Output only the lines that run from the line holding "Task: Click on" to the end of the data below, including both ends, without any pictures.

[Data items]

▽

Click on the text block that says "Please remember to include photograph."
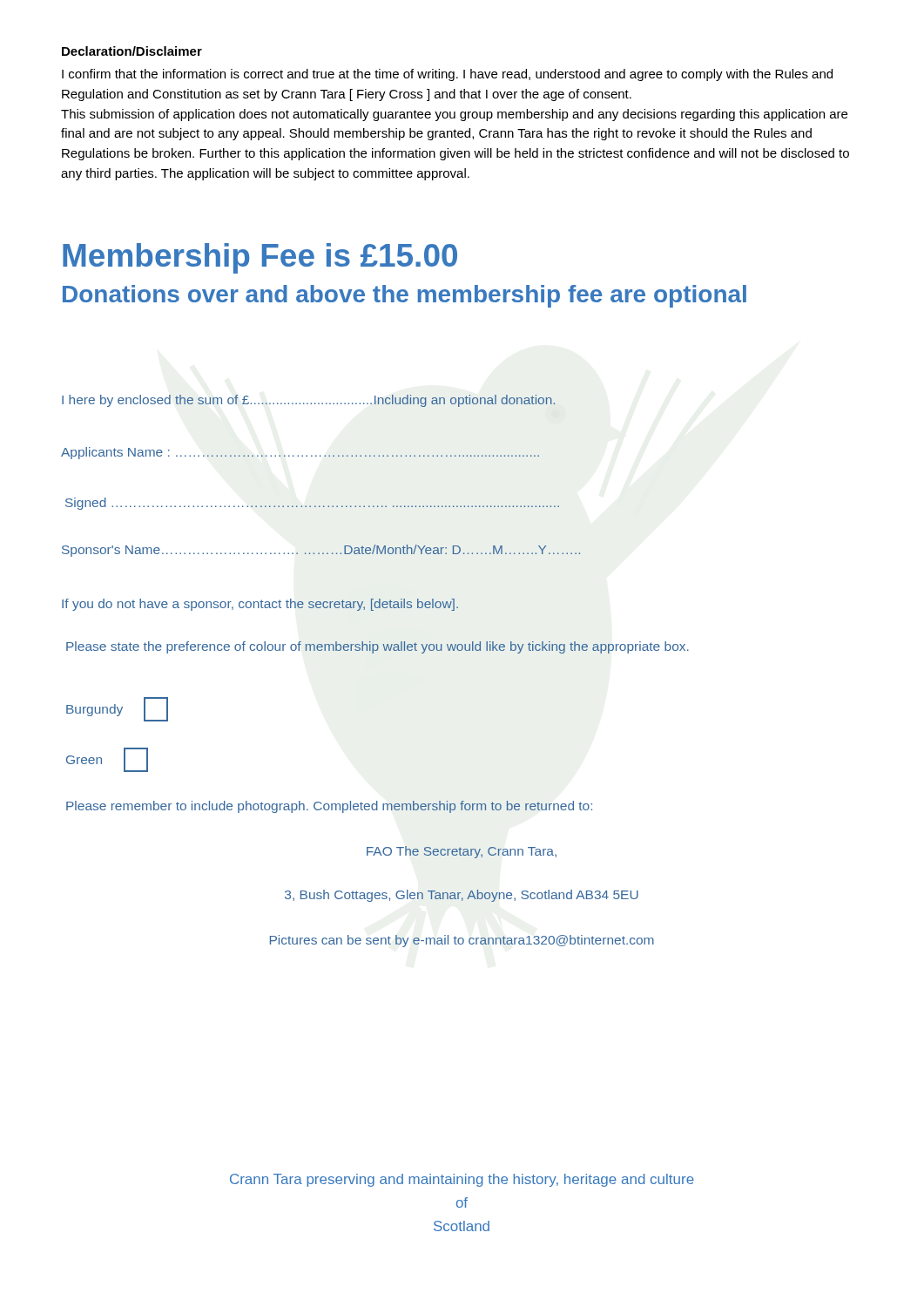This screenshot has height=1307, width=924. (x=329, y=806)
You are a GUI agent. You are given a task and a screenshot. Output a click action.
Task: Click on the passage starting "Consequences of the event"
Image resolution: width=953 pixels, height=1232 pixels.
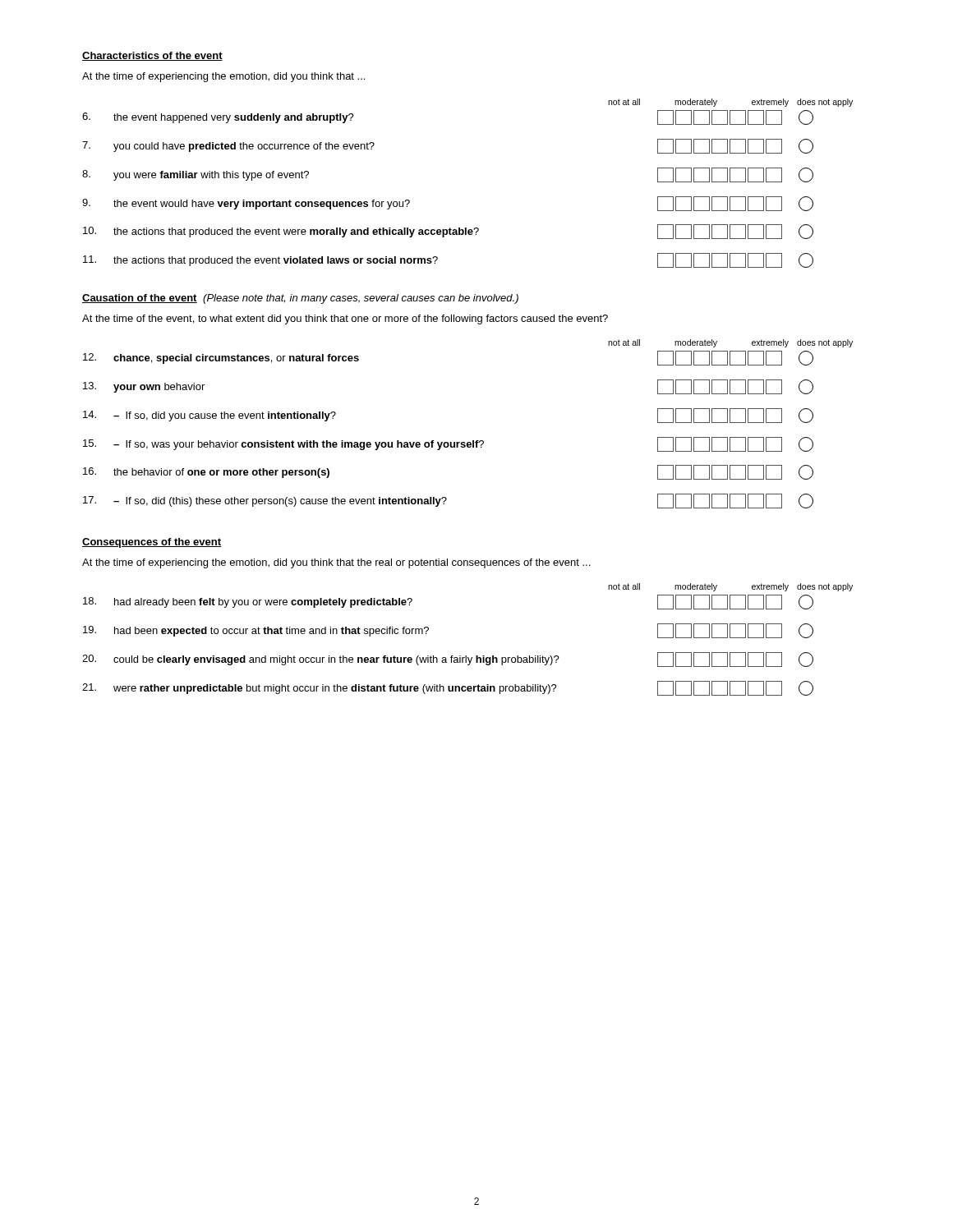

△

● **Response to this exercise**
Task: Click on the passage starting "Consequences of the event"
Image resolution: width=953 pixels, height=1232 pixels.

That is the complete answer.